Earnings took a hit.
Bangkok Dusit Medical Services reported a 28% quarter-on-quarter drop in its core operating profit, raking in US$66m (THB2.1b) in the fourth quarter of 2018.
According to a report by Maybank Kim Eng, the group’s bottomline took a hit from a US$22.9m (THB727m) tax expense for the disposal of Ramkhamhaeng Hospital.
The group’s expenses also rose on back of several one-time items, including a US$5m (THB185m) provision for its lifelong membership programme, a THB115 provision for long service awards, US$3.6m (THB82m) marketing expenses for the Happy & Healthy Bike festival and a US$1.7m (THB53m) increase in repair & maintenance expenses for JCI hospital re-accreditation.

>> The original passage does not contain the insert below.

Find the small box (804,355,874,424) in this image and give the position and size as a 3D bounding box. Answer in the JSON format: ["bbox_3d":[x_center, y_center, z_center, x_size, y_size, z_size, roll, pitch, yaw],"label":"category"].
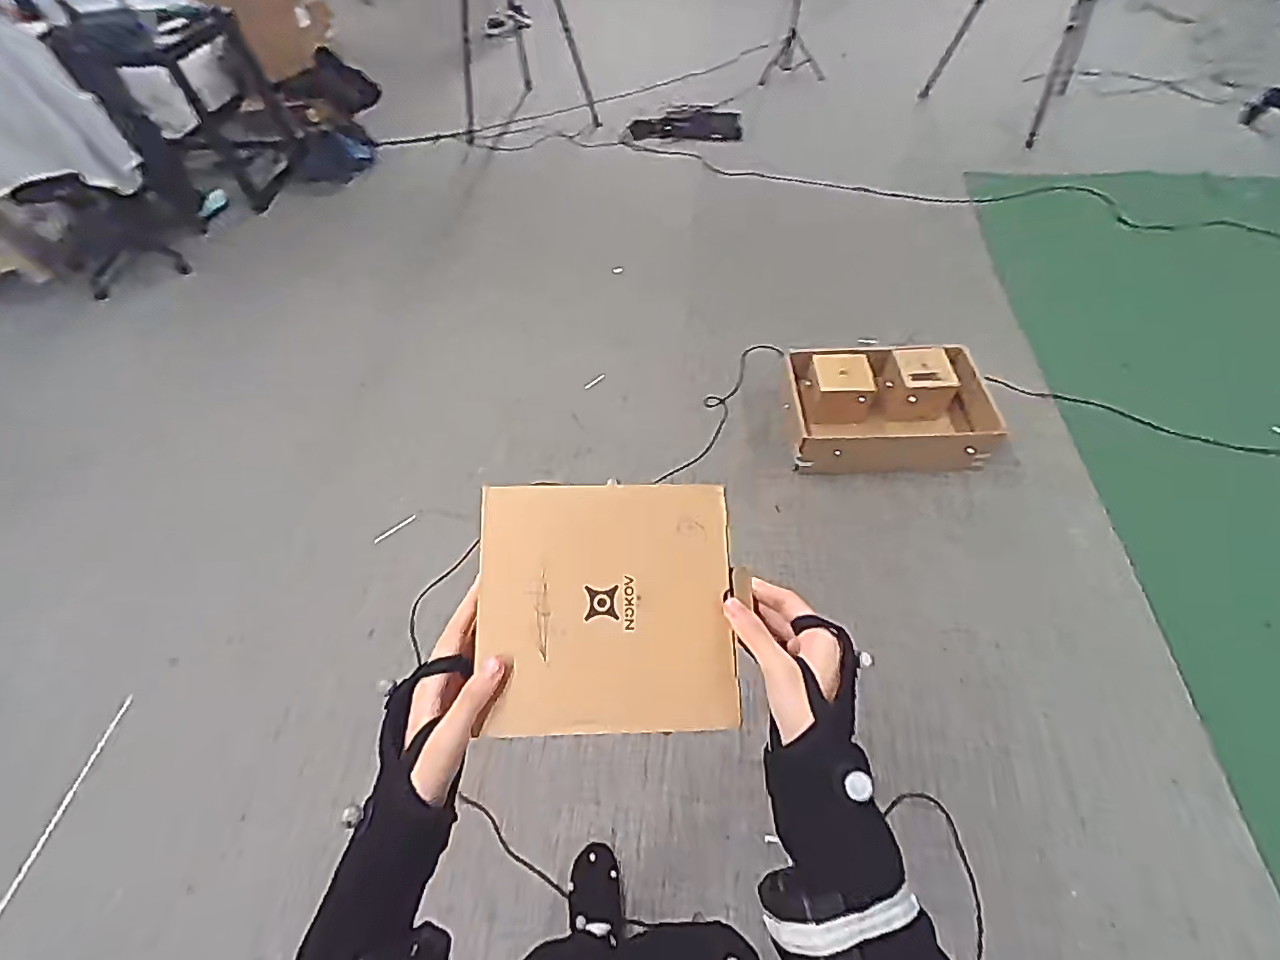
[{"bbox_3d":[0.660,-0.302,1.818,0.179,0.176,0.168,0,57,2],"label":"small box"}]

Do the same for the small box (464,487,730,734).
[{"bbox_3d":[-0.030,0.105,0.448,0.179,0.176,0.168,1,76,-2],"label":"small box"}]

“BDMS will book another THB1.5b tax expense in 1Q19. However, it will also book a gain before tax of THB7.6b. In total, it is expected to book a THB5.4b gain, net of tax from its RAM divestment. 2018 core profit grew 24% YoY to THB9.9b which will account for 97% of our forecast,” the report noted.

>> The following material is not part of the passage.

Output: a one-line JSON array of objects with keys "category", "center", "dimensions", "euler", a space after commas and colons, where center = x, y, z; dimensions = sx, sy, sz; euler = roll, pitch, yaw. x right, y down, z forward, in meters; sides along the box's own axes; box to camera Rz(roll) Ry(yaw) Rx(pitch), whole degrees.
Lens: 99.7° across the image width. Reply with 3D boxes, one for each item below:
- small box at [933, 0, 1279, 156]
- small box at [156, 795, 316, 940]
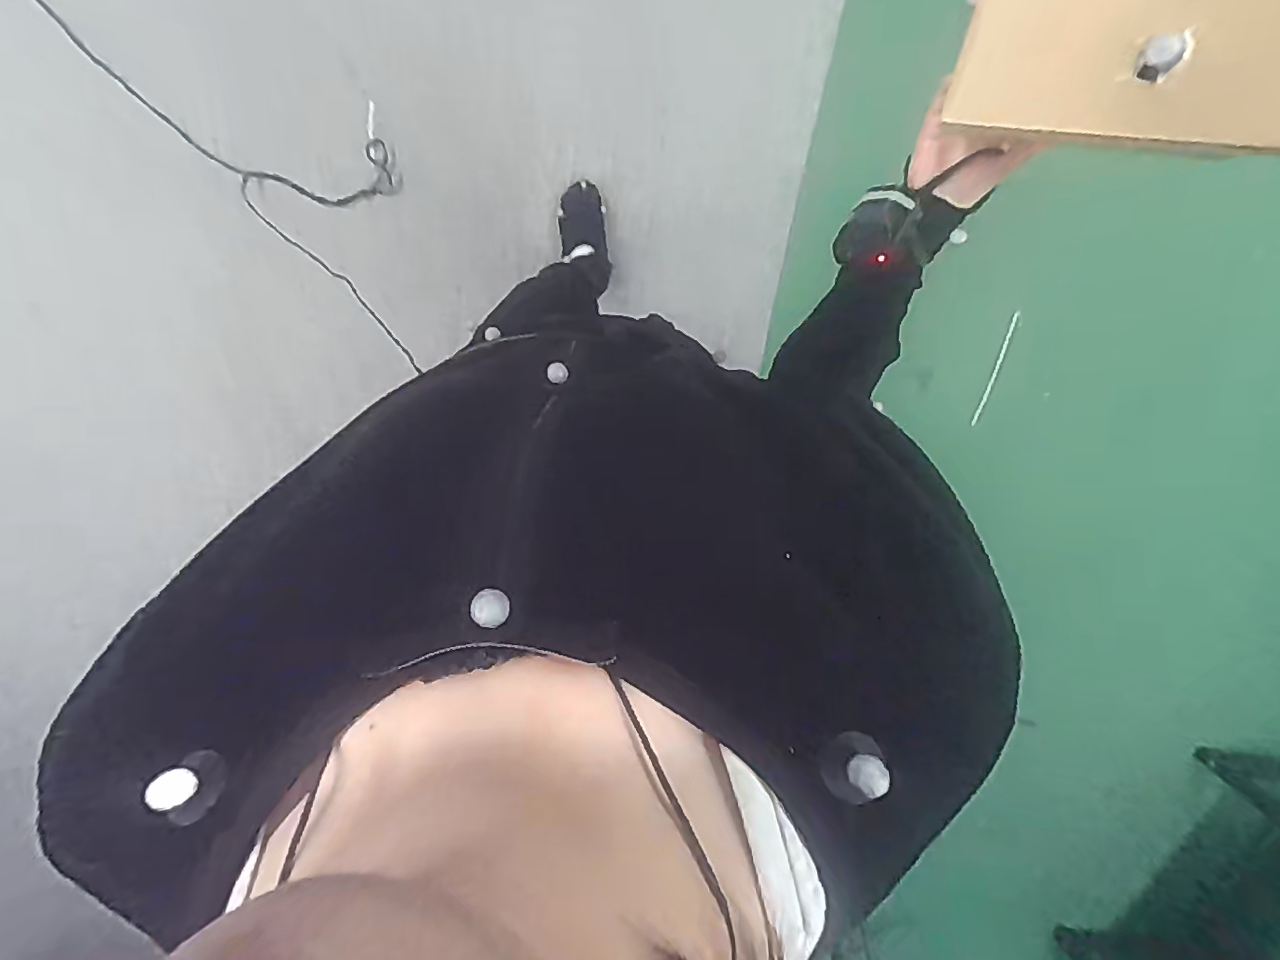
[{"category": "small box", "center": [0.300, -0.298, 0.314], "dimensions": [0.179, 0.168, 0.176], "euler": [21, 125, 25]}, {"category": "small box", "center": [-0.774, 0.750, 1.057], "dimensions": [0.179, 0.176, 0.168], "euler": [0, 112, -6]}]

In the coming year, BDMS expects flat earnings margins of 22%, due to operating expenses for new hospitals including Bangkok Hospital Chiangrai, Chiva Transitional Care Hospital, International Hospital at Bangkok Hospital HQ and BDMS Wellness Resort. Another two hospitals will be added under its Center of Excellence (CoE) project.